EDITORIAL — A “mental health issue”

While our reenactment of the Battle of Mactan last April 27 proceeded with no untoward incident here in Cebu, in Vancouver, Canada, where Filipino-Canadians were celebrating Lapu-Lapu Day, it was anything but untoward.
This after a man drove an SUV into a crowd lining up for food trucks. Eight people between the ages of five and 65 have been confirmed dead while dozens of others were injured.
The videos are hard to watch, with people lying on the ground as others rush to their aid, some of them no longer moving.
Police have arrested the SUV driver, Kai-Ji Adam Lo, 30, a man said to have “frequent interactions” with the police.
Police have also said this didn’t appear to be a terror attack or a racist attack, but added that it appeared to have been a deliberate one and was not an accident. Vancouver Mayor Ken Sim is also quoted as saying the incident seems to have been caused by a “mental health issue”.
This is where it gets confusing, someone with a racist or terrorist agenda would have been easier to understand and his motives clear.
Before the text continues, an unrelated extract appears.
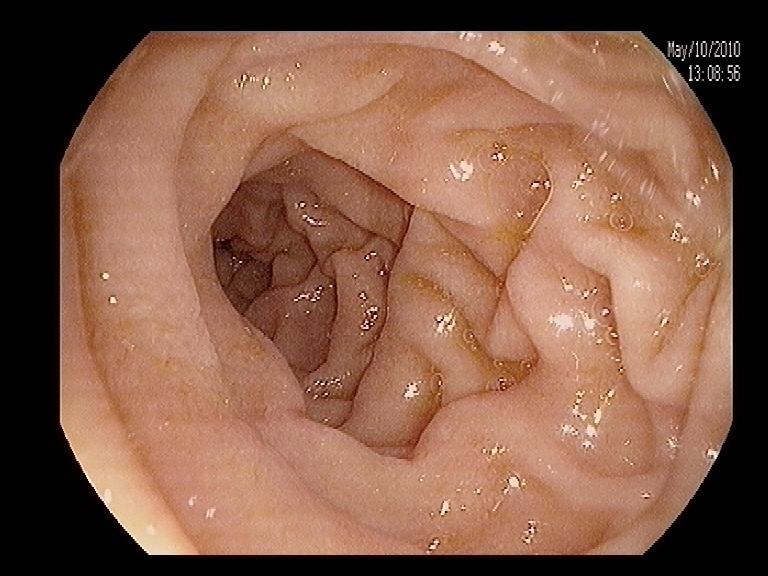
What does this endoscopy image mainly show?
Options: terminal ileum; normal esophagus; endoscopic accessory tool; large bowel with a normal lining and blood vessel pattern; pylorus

terminal ileum

You can tell whom they want to send a message to, you can tell whom they want to scare, and you can tell whom they are likely to kill or maim.
But when it comes to someone with mental health issues, you can never tell what can influence their actions or decisions. Lo may not have been driven by any particular reason to drive his SUV into that crowd, he may just have thought it was the right thing to do.
This isn’t to say those who have mental health issues are automatically nuts and most likely to drive an SUV into a crowd of people, there are different degrees of mental health issues and not all of them turn sufferers into murderers.
Our hearts go out to those who were killed or injured in this attack, but to gain something good from this tragedy it should call attention to mental health issues. Of course not to punish and limit those who have them, but to help those who suffer the worst of this condition.